Watching these Moravians, so obviously unperturbed by the howling wind and crashing waves, Wesley realized that he was witnessing a truly waterproof faith.

After, he prayed that God would grant him, also, sufficient faith to ride out life’s storms with such confidence.

What made those Moravians so calm in the face of a life-threatening storm? It was the same trait that the disciples in Mark’s story so badly lacked: total trust in Jesus Christ. After stretching out his arms and stilling the storm, Jesus turned to his companions and chastised them.

By their cowardly cringing and crying out in fear, they had revealed the shallowness of their faith.

Although they had been specially chosen for this journey, they had missed the boat.

We all have been specially chosen for this journey of faith. But when it comes to trusting God’s promises, will we, too, miss the boat?

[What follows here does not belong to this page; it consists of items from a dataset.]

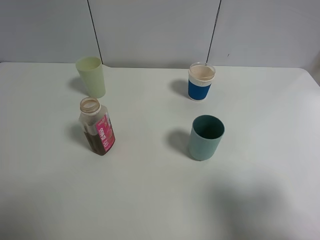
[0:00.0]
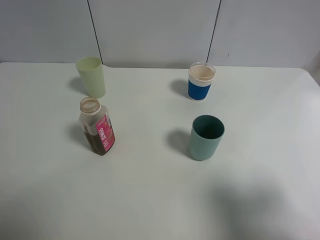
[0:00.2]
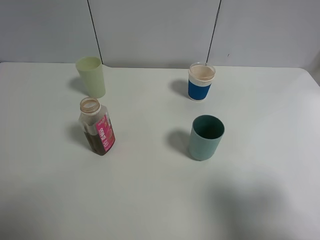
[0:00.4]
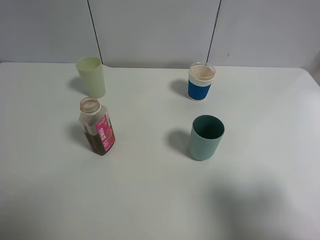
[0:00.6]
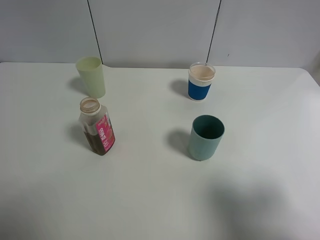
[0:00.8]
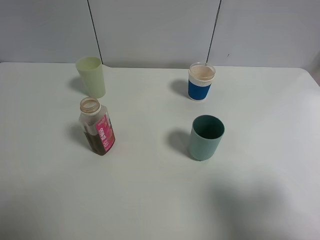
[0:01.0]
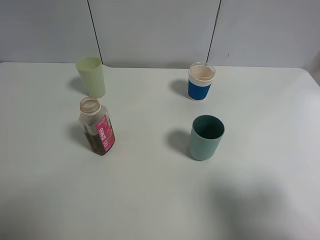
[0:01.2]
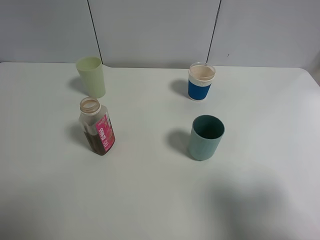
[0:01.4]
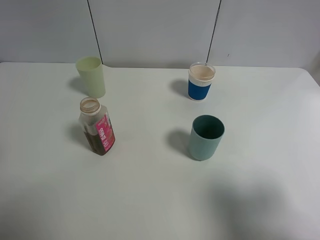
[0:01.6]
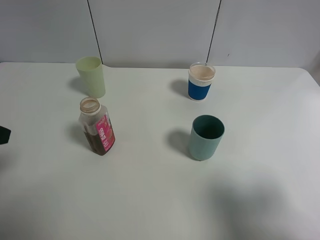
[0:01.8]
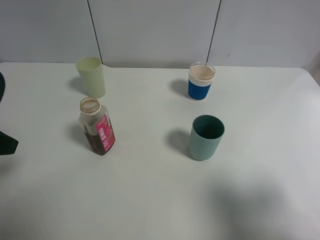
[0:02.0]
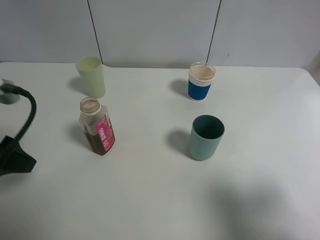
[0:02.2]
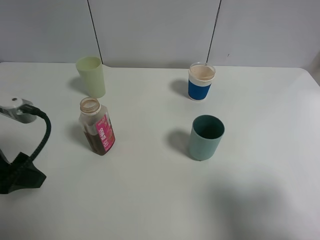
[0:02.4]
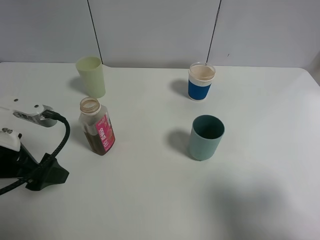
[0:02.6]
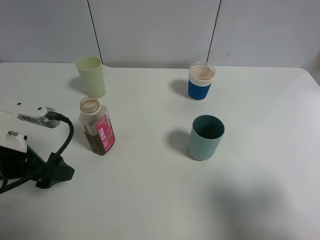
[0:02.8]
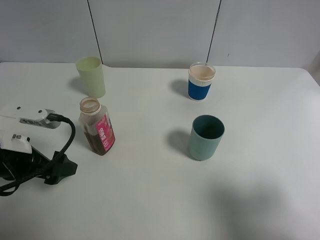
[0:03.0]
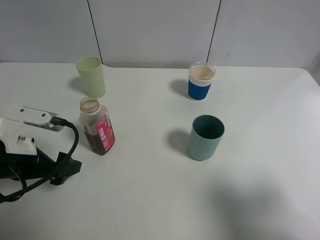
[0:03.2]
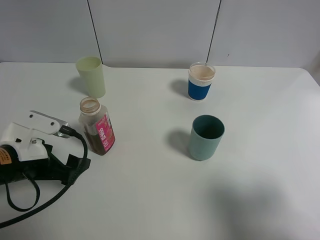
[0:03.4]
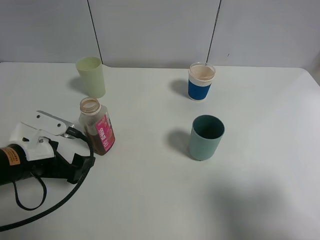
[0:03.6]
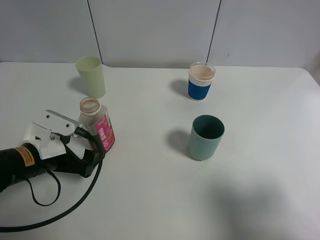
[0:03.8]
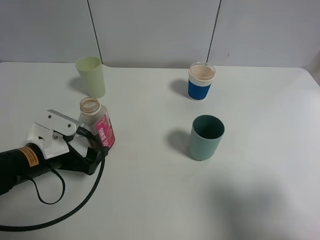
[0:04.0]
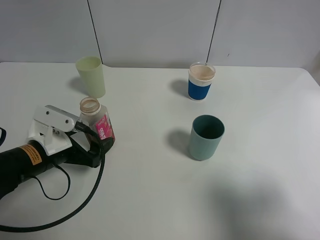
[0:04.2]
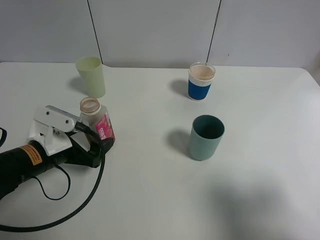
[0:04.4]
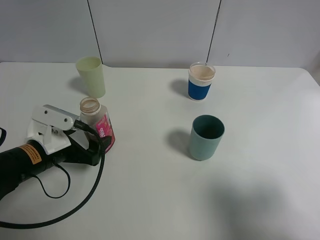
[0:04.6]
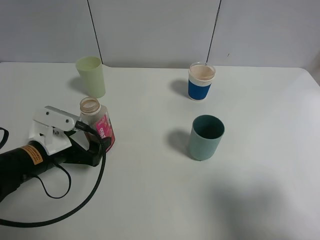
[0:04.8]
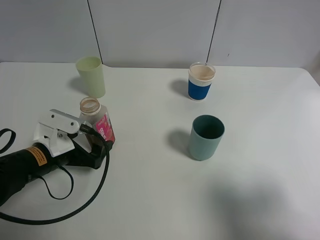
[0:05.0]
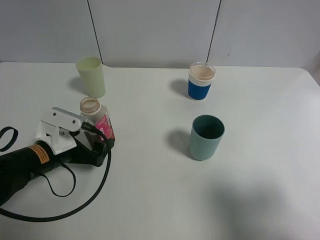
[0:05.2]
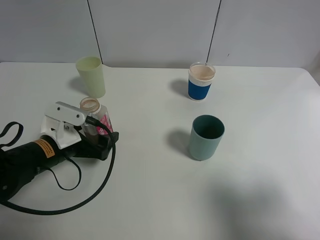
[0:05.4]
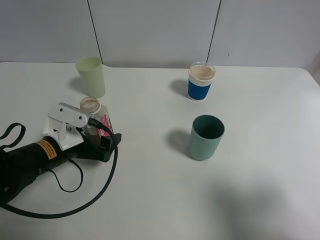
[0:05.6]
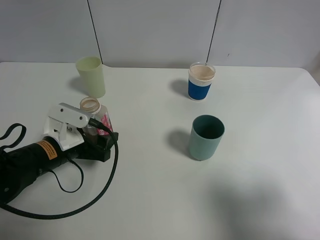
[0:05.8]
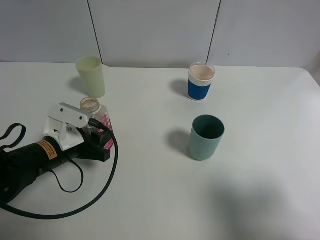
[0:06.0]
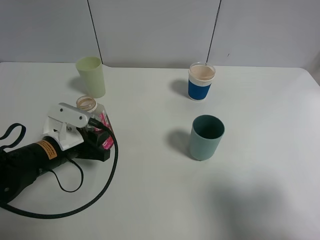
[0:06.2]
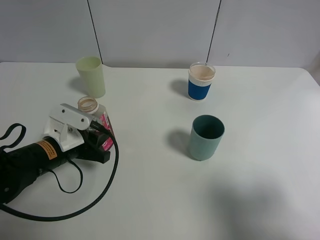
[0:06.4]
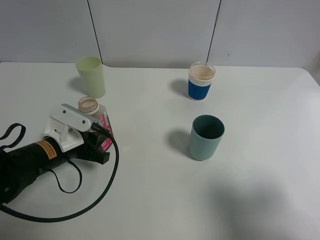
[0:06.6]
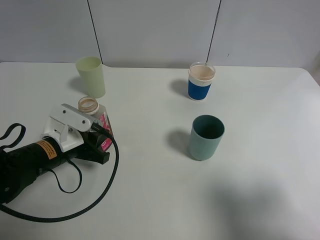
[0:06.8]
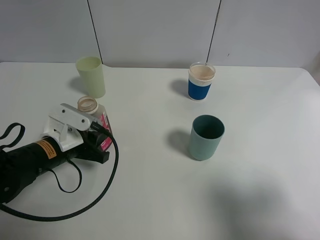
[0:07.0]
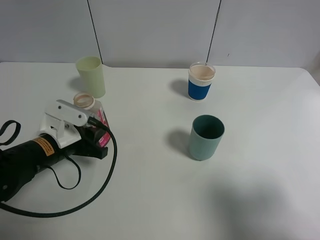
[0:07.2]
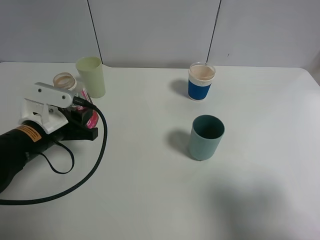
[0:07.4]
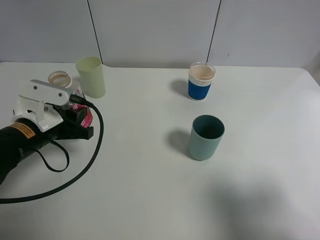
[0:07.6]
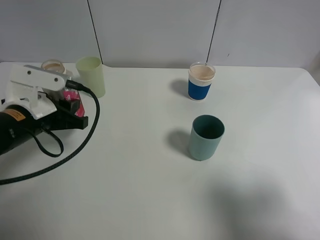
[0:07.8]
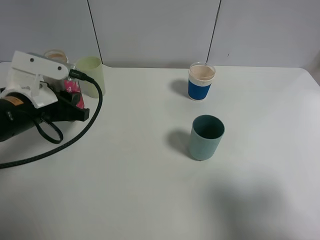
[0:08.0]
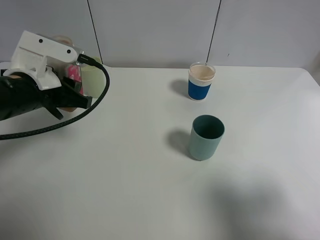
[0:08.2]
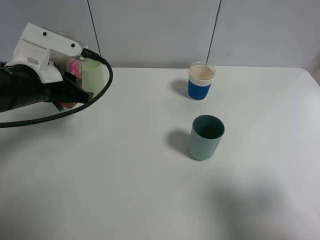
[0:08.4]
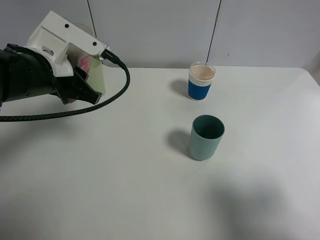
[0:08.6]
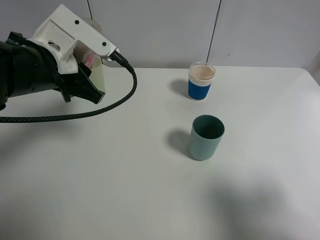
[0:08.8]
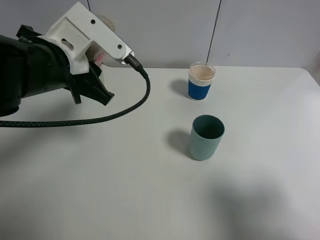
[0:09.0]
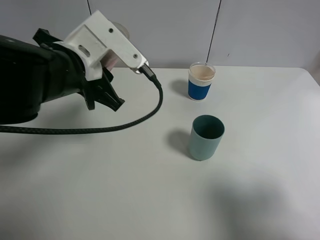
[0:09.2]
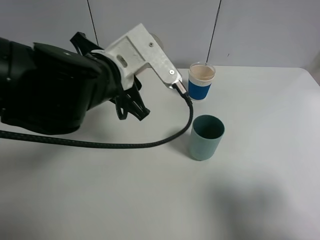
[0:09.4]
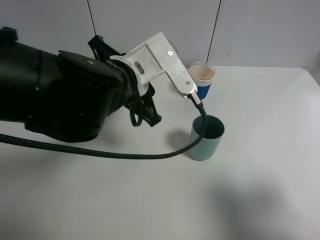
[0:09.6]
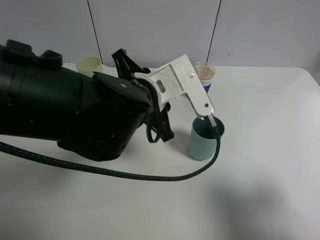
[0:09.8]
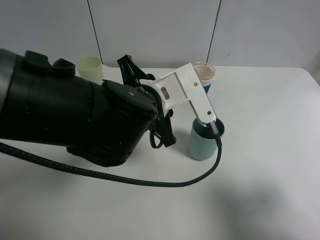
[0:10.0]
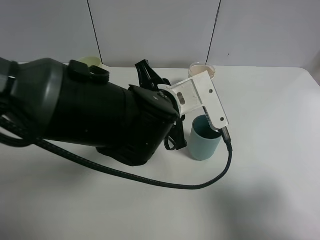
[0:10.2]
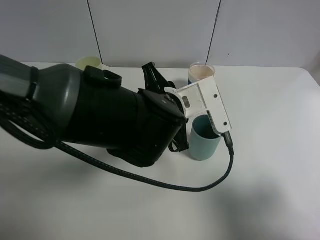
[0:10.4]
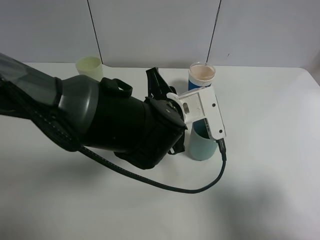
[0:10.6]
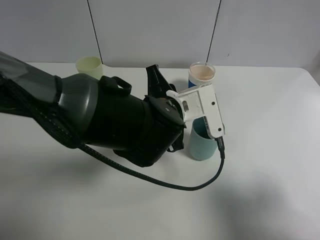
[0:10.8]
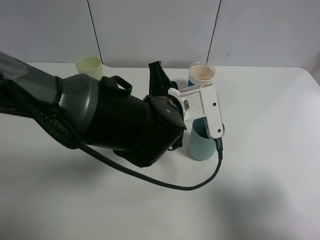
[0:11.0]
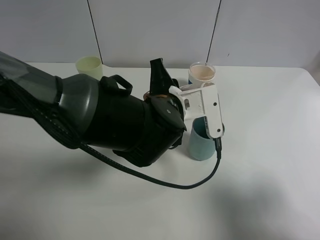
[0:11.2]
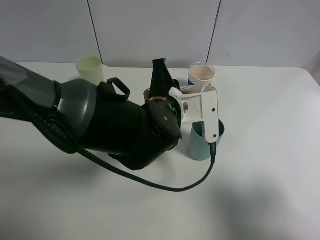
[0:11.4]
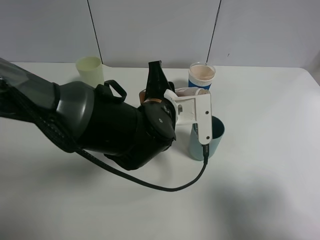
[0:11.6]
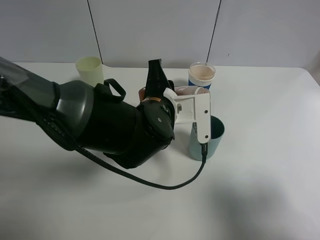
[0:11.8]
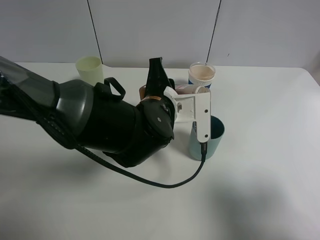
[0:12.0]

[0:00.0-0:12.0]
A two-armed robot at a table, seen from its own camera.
Task of the whole recording: use a clamp to hold the bottle of the drink, pour the beverage into a random cup, then clamp the cup containing the drink and pour the drink into another random cup.
Step, 0:00.0 to 0:07.6: Pick up the drink bottle with left gripper.
0:01.6 to 0:03.0: The left gripper is displaced downward and forward by approximately 15 cm.
0:03.0 to 0:04.4: The left gripper is displaced downward by roughly 5 cm.
0:04.4 to 0:06.0: The left gripper closes its fingers.
0:06.0 to 0:07.6: The left gripper shifts some 5 cm upward.
0:07.6 to 0:09.0: The left gripper is displaced upward and to the right by about 15 cm.
0:09.0 to 0:10.4: The left gripper moves to the right and downward, some 15 cm.
0:10.4 to 0:12.0: The grippers move only a little.

David wrote in his Psalms, “When I am afraid, I place my trust in you.”

Paul wrote in his letter to the Philippians, “I have the strength to face anything, by the power that Christ gives me.”

Ernest Becker, in his Pulitzer Prize-winning book. “The Denial of Death,” writes that all of our fears—the fear of rejection, the fear of abandonment, the fear of failure, the fear of separation and loss—these are all just manifestation of our real fear, the fear of death.

He may be right. Certainly the disciples were afraid of death. So how do we overcome this fear, how do we calm the demons of fear within? There’s only one antidote to that poison, my friends—faith.

Bishop Warren Chandler, whose name was given to the school of theology at Chandler University, was on his deathbed when one of his close friends asked him the question that all mortals, men and women, must answer: “Are you afraid? Do you fear crossing over the river of death?”

And Chandler replied, “Why? I belong to my father, who owns the land on both sides of the river.”

In life, and in death, and in life beyond death, we belong to God, and he is with us. That is our great salvation hope.

This morning I want you to understand that if you are immobilized by some fear in your life, God cares. He cares because that fear is interfering with his destiny, his will for you. It is Christ’s perfect love that casts out fears. At the foot of the cross you can be embraced by his loving arms and really understand those words from the old hymn, “God will take care of you, through every day, in every way.”